Если в истории и в самом деле задействованы разрушительные силы, то не они, не обязательно они производят войну[248]248
См. Domarchi, Marx et l’histoire, L’Herne, 1968.
[Закрыть]. Производство войны есть военное производство, в очередной раз производство. Но разрушение скрывается в самом что ни на есть мирном производстве, смерть – в накоплении богатств. Не станем все же говорить, что капиталу предначертано подводить процессом своего накопления общества к развалу. Это не достоверно, со своими чаяниями или боязнью обещанной ею катастрофы сия диалектика очень и очень религиозна. Как влечения к смерти скрываются во влечениях к жизни, так и разрушительные силы неразличимы с силами производительными. И, так как литическая или летальная функция не принадлежит никакой инстанции влечений, мы даже не можем сказать, что спекуляция смертоносна, а производство эротично: столь же непроверяемо и обратное. И важно даже не изумляться этой двойственности, а, скорее, отследить, как наслаждение или интенсивность соскальзывает от воспроизводства к грабежу.
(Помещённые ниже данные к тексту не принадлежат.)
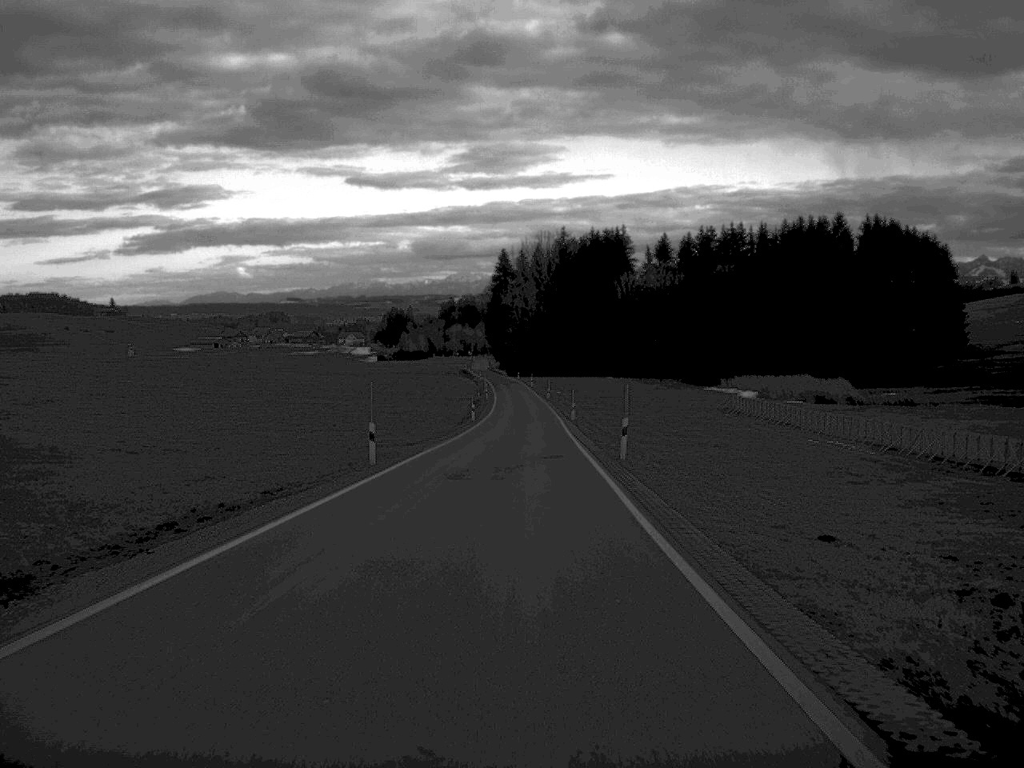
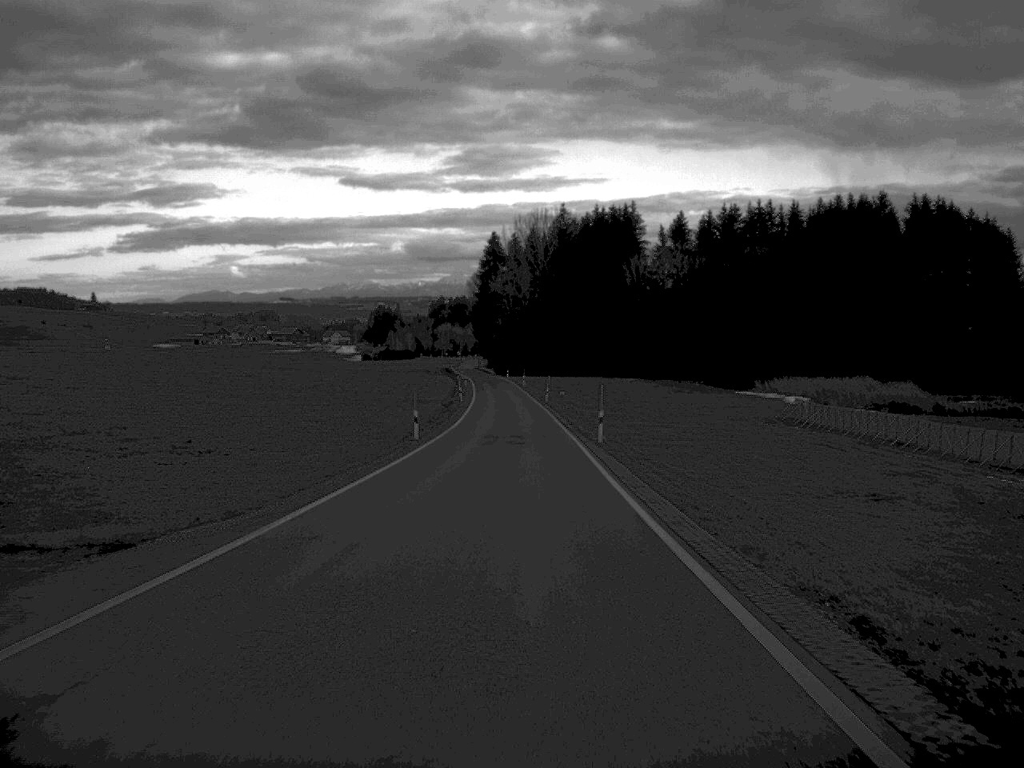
(+0.1, +37.7) m; 0°
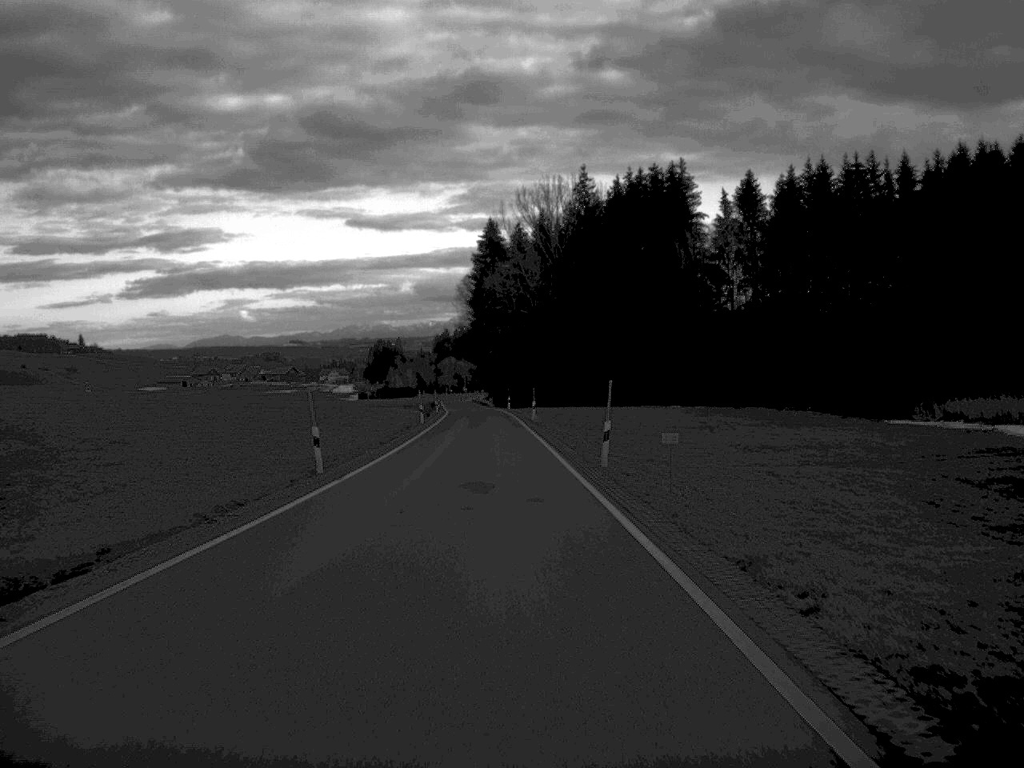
(0.0, +66.4) m; -1°
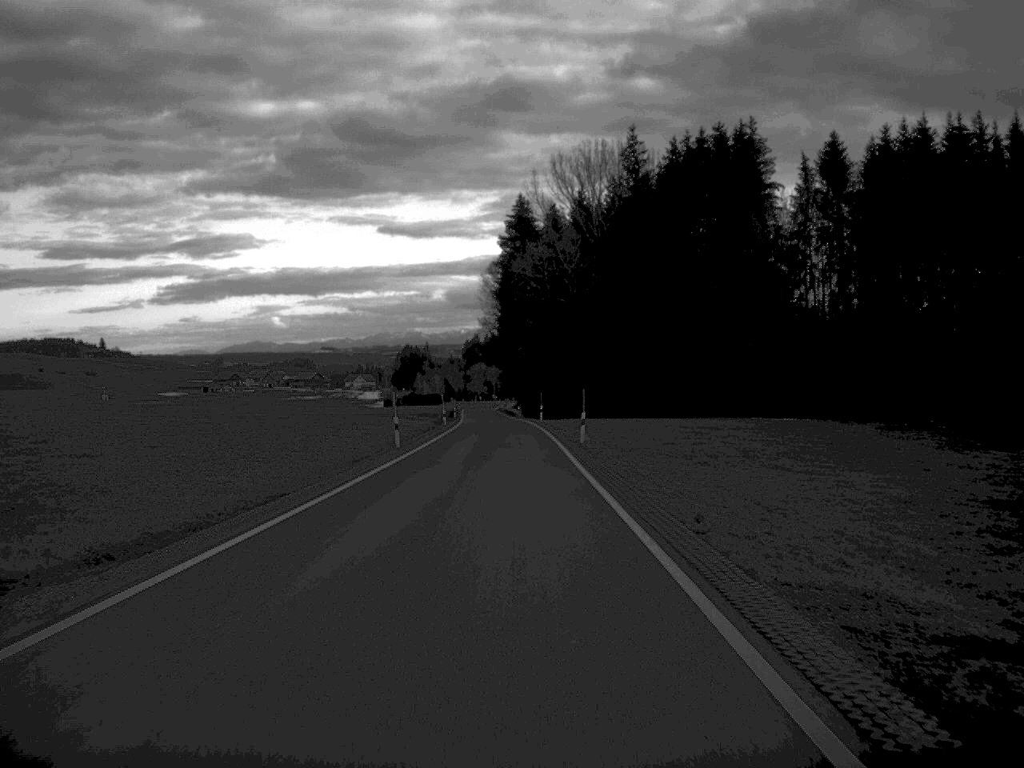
(-0.4, +29.0) m; -1°
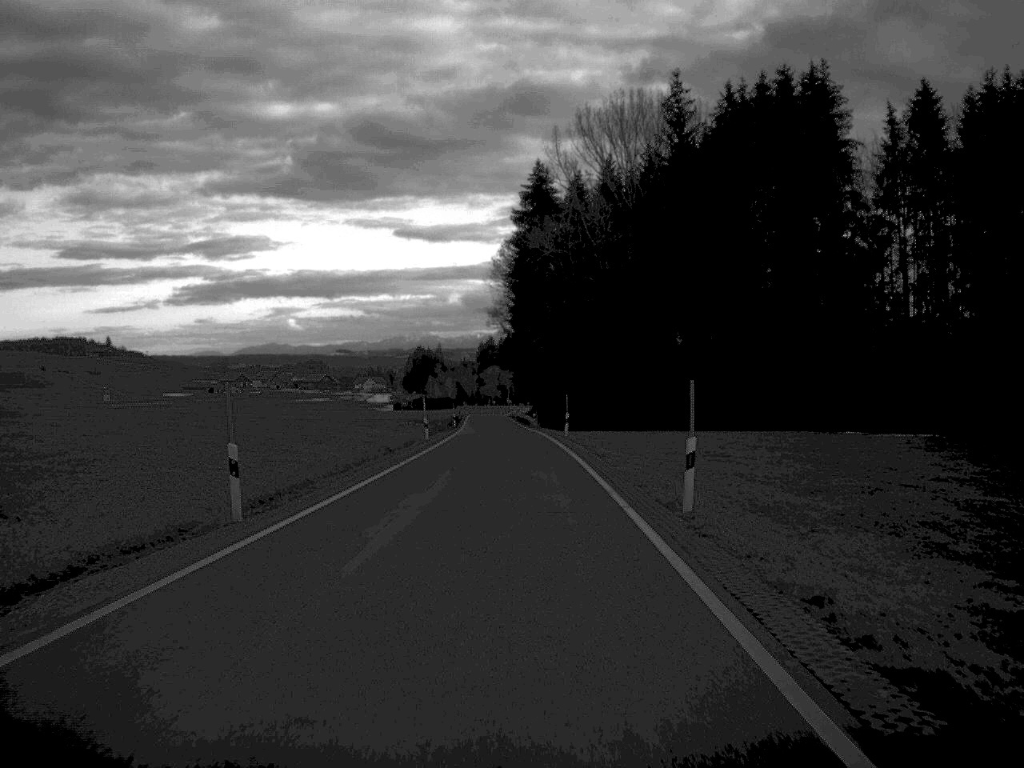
(-0.2, +26.2) m; -1°
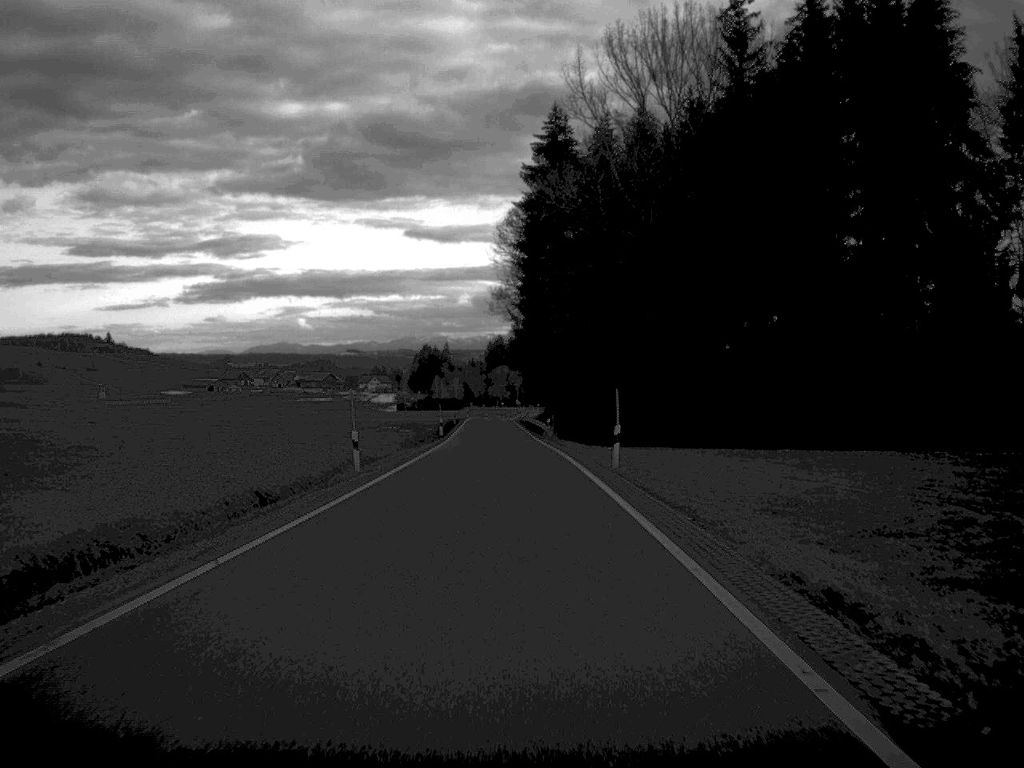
(-0.1, +26.9) m; 0°
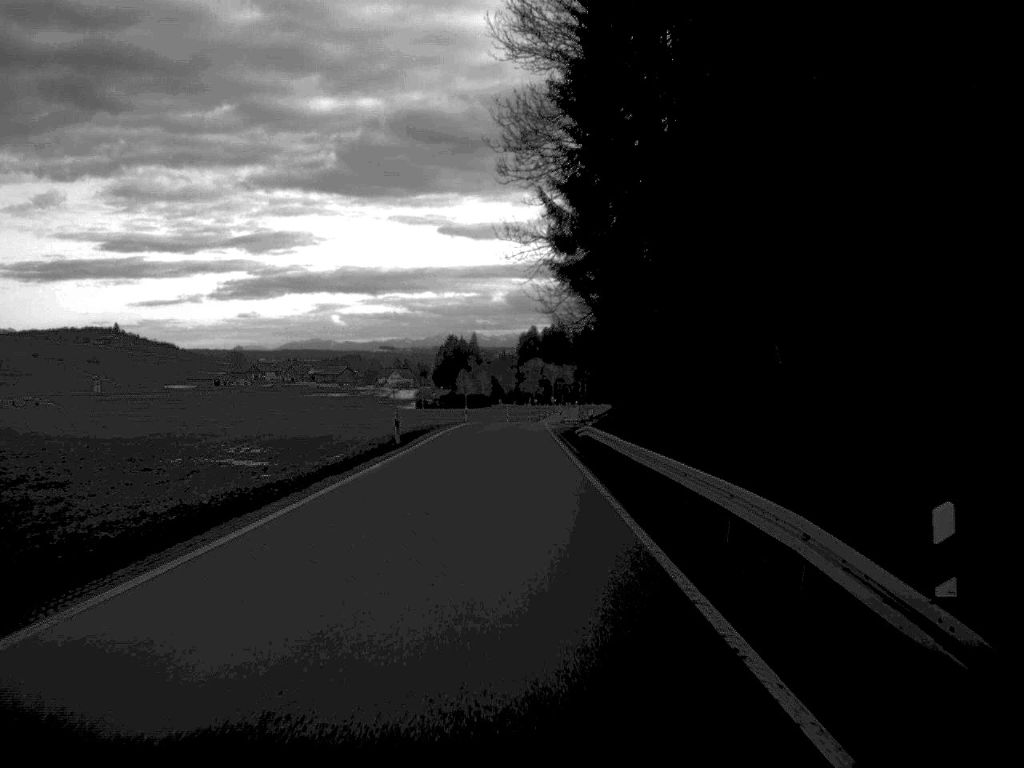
(-0.9, +70.3) m; -2°

Что такое меркантилизм, как не возведенная в статус государственной политика капеликона? Бесконечность хрематистики монеты, которой так страшится Аристотель, не является и не может являться свойством капитала в его использовании для воспроизводства, использовании, ограниченном нулем обнуления. Бесконечность капиталистического роста сама по себе не несет ничего пугающего или смертельного, потому что в принципе сообразуется со стандартным товаром. А если случается, что не сообразуется, то это как раз результат меркантилизма – использования капитала, о котором вполне можно сказать, что оно не «истинно капиталистическое», потому что у нас сложился образ капитала, по сути близкого способу (вос)производства и в точности им и являющегося, если в число действующих в системе и, возможно, необходимых влечений входит доходящий до угрозы выживанию социального «тела» (каким его требует воспроизводство) грабеж богатств. В меркантилизме XVII и XVIII веков производят на продажу и продают, чтобы приумножить количество монеты. Пока что все весьма и весьма капиталистично; куда менее следующее: это количество монеты – материально – и есть то богатство, которое стремятся накопить (и потратить).
Такова чрезмерность, беспредел: накапливается не капитал, не то, что будет вновь пущено в обращение согласно правилам циклов и обнулений. Накапливаются количества металлов, которые образуют сокровища, собранные на войну и на празднества; при этом они изымаются из циклов и соразмерности обменов и блокируется то, что в принципе обеспечивает воспроизводство. «Дурная» бесконечность идет от этого грабежа, который не возвращает ничего из того, что захватил, который обязательно доведет до истощения воспроизводимое тело. Изнурительное накопление, порождающее все менее и менее переносимое материальное неравенство между разными частями этого «тела» – порождающее все более и более злобную зависть касательно интенсивностей между теми или иными участками либидинальной чересполосицы. Если согласно Аристотелю бесконечность смертоносна, то потому, что эксплуатируемое меркантилизмом тело конечно и процесс растущей диспропорции между его частями должен это тело взорвать: койнония не может снести тягостную разность потенциала между своими органами.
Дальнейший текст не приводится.